La escritura devanagari, los versos que recoge y la música tradicional que los acompañan ya nos introducen, desde el primer plano de la cinta, en un universo antiguo, inmemorial, en el que las creencias espirituales y los hechos empíricos están al mismo nivel de verosimilitud, de manera que conforman conjuntamente una visión de la existencia donde la realidad más cotidiana se ve teñida de magia y trascendencia.
No en vano, y por confesión expresa del propio realizador, Prantik Narayan Basu, Sakhisona pretende ser una relectura en clave ficcional y fílmica de los mitos vinculados a la zona de Mogulmari (Bengala Occidental), entre ellos el de la heroína que da título a la pieza, y cuyo nombre también lleva una montaña local.
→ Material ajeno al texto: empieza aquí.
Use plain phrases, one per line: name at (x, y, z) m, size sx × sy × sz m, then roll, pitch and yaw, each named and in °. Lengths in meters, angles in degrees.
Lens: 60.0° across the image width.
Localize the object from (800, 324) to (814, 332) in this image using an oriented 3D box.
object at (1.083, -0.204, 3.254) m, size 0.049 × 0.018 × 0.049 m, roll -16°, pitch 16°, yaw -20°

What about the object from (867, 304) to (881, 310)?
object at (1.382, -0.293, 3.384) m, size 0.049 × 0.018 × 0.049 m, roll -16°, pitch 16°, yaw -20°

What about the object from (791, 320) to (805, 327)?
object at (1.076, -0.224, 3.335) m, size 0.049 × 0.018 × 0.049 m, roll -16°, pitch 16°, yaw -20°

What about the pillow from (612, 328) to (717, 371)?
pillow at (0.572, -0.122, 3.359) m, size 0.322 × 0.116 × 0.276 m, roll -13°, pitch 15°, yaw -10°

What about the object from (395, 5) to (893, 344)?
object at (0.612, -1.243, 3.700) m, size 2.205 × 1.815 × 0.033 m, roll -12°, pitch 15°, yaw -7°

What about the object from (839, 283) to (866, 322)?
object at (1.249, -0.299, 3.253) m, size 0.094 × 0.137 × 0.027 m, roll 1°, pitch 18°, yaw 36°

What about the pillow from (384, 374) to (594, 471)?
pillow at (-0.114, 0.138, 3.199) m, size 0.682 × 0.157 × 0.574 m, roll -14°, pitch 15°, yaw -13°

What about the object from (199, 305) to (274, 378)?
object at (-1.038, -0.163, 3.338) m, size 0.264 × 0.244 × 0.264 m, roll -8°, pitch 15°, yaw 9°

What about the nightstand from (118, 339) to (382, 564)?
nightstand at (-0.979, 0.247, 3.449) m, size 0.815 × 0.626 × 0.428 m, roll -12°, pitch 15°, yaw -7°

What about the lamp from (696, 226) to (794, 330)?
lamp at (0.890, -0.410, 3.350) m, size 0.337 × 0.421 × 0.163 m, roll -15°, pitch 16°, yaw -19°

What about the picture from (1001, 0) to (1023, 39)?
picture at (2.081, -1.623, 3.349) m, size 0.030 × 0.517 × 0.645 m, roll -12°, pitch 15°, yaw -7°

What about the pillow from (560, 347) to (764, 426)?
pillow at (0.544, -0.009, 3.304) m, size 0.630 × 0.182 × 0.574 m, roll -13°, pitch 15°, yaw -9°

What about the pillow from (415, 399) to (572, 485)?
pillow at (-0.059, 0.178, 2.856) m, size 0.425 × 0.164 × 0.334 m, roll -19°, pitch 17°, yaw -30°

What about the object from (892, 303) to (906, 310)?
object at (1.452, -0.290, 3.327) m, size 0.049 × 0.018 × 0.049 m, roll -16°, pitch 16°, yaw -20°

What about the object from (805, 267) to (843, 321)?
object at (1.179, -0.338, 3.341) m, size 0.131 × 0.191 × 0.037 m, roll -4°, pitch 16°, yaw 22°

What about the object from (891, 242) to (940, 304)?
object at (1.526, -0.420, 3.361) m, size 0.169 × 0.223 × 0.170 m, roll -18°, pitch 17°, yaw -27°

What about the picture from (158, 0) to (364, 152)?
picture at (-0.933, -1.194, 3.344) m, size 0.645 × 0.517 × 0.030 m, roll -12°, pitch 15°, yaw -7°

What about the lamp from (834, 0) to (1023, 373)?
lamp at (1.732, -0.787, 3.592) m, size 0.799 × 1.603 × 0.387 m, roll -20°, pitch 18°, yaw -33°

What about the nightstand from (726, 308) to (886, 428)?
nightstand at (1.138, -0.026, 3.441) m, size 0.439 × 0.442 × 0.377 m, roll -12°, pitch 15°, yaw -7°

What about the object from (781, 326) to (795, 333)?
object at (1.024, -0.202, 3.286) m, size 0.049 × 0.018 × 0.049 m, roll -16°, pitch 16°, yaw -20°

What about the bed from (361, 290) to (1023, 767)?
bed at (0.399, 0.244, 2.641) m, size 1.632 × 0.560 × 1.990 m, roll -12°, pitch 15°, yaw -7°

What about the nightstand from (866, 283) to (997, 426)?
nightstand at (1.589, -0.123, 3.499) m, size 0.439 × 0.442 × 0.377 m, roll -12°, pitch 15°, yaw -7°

De ahí que, con sabiduría, el autor haya creado una obra hondamente poética y alegórica tanto visual como argumentalmente hablando, en la que todas las instancias discursivas están puestas al servicio de la consecución de una atmósfera atemporal y eterna, y por eso mismo tan bella como inquietante. Ello explica, entre otras cosas, el uso del celuloide y del blanco y negro, así como las sutiles sobreimpresiones que sugieren una verdad oculta escondida en la naturaleza –en una idea que conecta directamente con la oposición hinduista entre Maya/Brahma– y, muy especialmente, la narrativa construida a fuerza, sobre todo, de planos detalle y planos generales, con lo que los tres principales personajes del relato transitan en él como minúsculos engranajes de un complejo plan superior, en el que las montañas, las cuevas, los ríos y los árboles juegan el papel de espectadores pero, también, de agentes «divinos» de su destino.
A partir del cuento popular sobre un hombre tentado por una fruta y convertido por ello en una cabra (sic), Basu teje la historia de un triángulo amoroso, en la que Sakhisona (Arunima Shankar) es abandonada por su esposo al enamorarse de una cabrera. Como en la intriga original, aunque con un giro más moderno, la protagonista deberá luchar contra sus demonios interiores para sobreponerse a la pérdida del amado; una temática de tintes feministas que ya se insinúa en el cuento de partida, pero que la cinta y las reinterpretaciones de aquel hechas por Faqir Raam y Muhamad Qurban Ali (explícitamente citadas en el prólogo de la película), acrecientan de manera decidida, al convertir a Sakhisona en emblema de guerrera (la veremos luchar contra un monstruo), artista (traza petroglifos mientras espera el regreso de su marido) y fuerza creadora (al equipararse su figura al agua y, por ende, a la fuente de la vida).
Pero aún hay más; y es que Basu inserta fotografías fijas de unas excavaciones arqueológicas actuales llevadas a cabo en una localización cercana de la misma región, que han dejado al descubierto las ruinas de un monasterio datado, aproximadamente, del siglo VI. Con dicho recurso el director enlaza meridianamente el pasado con el presente y, a la vez, recuerda la condición del cine de arte espaciotemporal, cuyas las imágenes, en este caso excluidas de un engarce lineal, actúan con el mismo poder de evocación que los objetos y restos de antaño desenterrados por los arqueólogos.
En definitiva, y para concluir, el portentoso lirismo visual y la profundidad temática que desprende Sakhisona en sus apenas veintiséis minutos de duración entroncan con el mejor ‹fantastique› no solo de su nación (v. gr. Adoor Gopalakrishnan) sino del resto de Asia. Sugerente, ambiguo, hipnótico y bello, este cortometraje es una oda panteísta a la voluntad humana, cargado como se halla a partes iguales de melancolía y esperanza, de sobrecogimiento y alegría, de folclore y vanguardismo, de leyenda e historia. No es de extrañar, por tanto, que esta pequeña joya fuera galardonada con el Premio Tigre dentro de su categoría en la pasada edición del Festival de Rotterdam.